CHICAGO (CN) — The Illinois Supreme Court on Thursday issued a ruling that could effectively legalize arrests without warrants.
Instead, the court said, such arrests could be based solely on intradepartmental police alerts.
The majority opinion relied heavily on the U.S. Supreme Court case United States v. Watson, which held that warrantless arrests based on probable cause comply with the Fourth Amendment even if there had been time to obtain a warrant.
In the 1976 ruling, the court explained that “there is nothing in the Court’s prior cases indicating that under the Fourth Amendment a warrant is required to make a valid arrest for a felony.”
In Illinois on Thursday, Justice David Overstreet penned the majority opinion. Chief Justice Mary Theis and Justices Lisa White, Joy Cunningham, Elizabeth Rochford and Mary O’Brien all concurred.
In the sole dissenting opinion, Justice Scott Neville Jr. argued the Watson decision eviscerated Fourth Amendment protections. He warned the court’s ruling could push communities of color back to the days before crucial civil rights decisions like Dred Scott and Plessy.
Justice advocacy groups, including the state’s chapter of the ACLU, the Chicago Appleseed Center and the Chicago Council of Lawyers, echoed Neville’s sentiments in a joint amicus brief.
Illinois’ high court “doesn’t need to be beholden to bad federal court decisions interpreting the Fourth Amendment,” said Alexandra Block, director of the Criminal Legal Systems and Policing Project at the ACLU of Illinois.
Thursday’s ruling stemmed from a sentencing appeal in a 2013 gang-related shooting in which two people were killed. Defendant Angelo Clark was convicted and initially sentenced to two consecutive terms of 23 years in prison.
Ahead of his trial, Clark filed a motion to quash his arrest, arguing it was made without probable cause or a valid arrest warrant. Clark’s mother, who witnessed the arrest, contradicted police accounts — but the court ultimately denied his motion.
After he was convicted, Clark filed a motion for reconsideration on his sentence. The Cook County Circuit Court reduced the aggregate sentence from 46 years to 32 years. He appealed first to the First District Appellate Court, then to Illinois’ high court.
Clark argued that his arrest was unlawful because the Chicago Police Department issued an investigative alert rather than a warrant. Such alerts go out to patrol officers, telling them detectives have found probable cause.
The investigative alert system, Clark argued, was unconstitutional because it functioned like a warrant without the need for legal requirements like an affidavit.
The system, he said, offered no certainty that officers were making arrests based on trustworthy information. He cited the 2019 Illinois case People v. Bass, which found that although the alerts did not violate the Fourth Amendment, they did violate the Illinois Constitution.
In his majority opinion, Overstreet noted that because Clark didn’t raise that issue in the Cook County Circuit Court, he forfeited it for purposes of review.

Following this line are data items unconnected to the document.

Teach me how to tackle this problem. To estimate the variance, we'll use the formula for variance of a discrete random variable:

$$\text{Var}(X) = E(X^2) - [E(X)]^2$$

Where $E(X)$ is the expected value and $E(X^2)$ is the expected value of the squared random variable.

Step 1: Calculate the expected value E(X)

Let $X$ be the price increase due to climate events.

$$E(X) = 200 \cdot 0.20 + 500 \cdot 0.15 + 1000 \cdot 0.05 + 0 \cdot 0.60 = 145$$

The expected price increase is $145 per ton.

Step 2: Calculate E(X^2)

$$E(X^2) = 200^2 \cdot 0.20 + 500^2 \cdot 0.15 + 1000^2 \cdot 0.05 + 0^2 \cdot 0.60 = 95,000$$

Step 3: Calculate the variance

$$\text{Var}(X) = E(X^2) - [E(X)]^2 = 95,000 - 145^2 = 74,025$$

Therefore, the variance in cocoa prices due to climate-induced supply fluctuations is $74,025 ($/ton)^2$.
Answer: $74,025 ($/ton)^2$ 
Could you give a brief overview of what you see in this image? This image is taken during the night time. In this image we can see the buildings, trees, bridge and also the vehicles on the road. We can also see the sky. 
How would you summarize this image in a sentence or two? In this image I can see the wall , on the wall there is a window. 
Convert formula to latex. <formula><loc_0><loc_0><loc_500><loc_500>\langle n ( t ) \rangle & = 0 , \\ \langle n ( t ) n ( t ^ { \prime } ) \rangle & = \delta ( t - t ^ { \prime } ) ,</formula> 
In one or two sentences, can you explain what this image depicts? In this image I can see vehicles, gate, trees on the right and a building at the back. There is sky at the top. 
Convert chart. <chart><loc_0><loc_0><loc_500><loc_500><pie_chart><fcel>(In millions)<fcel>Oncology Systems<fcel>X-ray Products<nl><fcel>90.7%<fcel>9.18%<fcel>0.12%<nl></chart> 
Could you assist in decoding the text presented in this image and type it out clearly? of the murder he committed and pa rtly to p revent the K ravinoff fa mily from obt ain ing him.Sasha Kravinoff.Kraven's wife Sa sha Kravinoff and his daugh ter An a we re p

And yet justices did opt to review the legal arguments of the case. Justices then opted to vacate that portion of the Bass ruling, noting it had already been rejected by a panel of the First District.
In his lone dissenting opinion, Neville said he could not concur with a majority decision that “legalizes a systemic, racial policy or practice that authorizes the Chicago Police to make warrantless arrests based on race.”
Reviewing 200 alerts from Cook County, he noted that 154 involved Black people. He argued the alerts violate a 2019 consent decree requiring Chicago PD to reform policies, practices and training.
ACLU director Block reiterated Neville’s concerns regarding the federal consent decree. She argued the department had not improved much since the decree was implemented.
“It’s very frustrating because one of the main goals of the consent decree is to reduce racial disparities in CPD’s practices. It’s not happened yet,” Block said. “It doesn’t seem that CPD even really takes that goal seriously and it’s something that the community is immensely frustrated about.”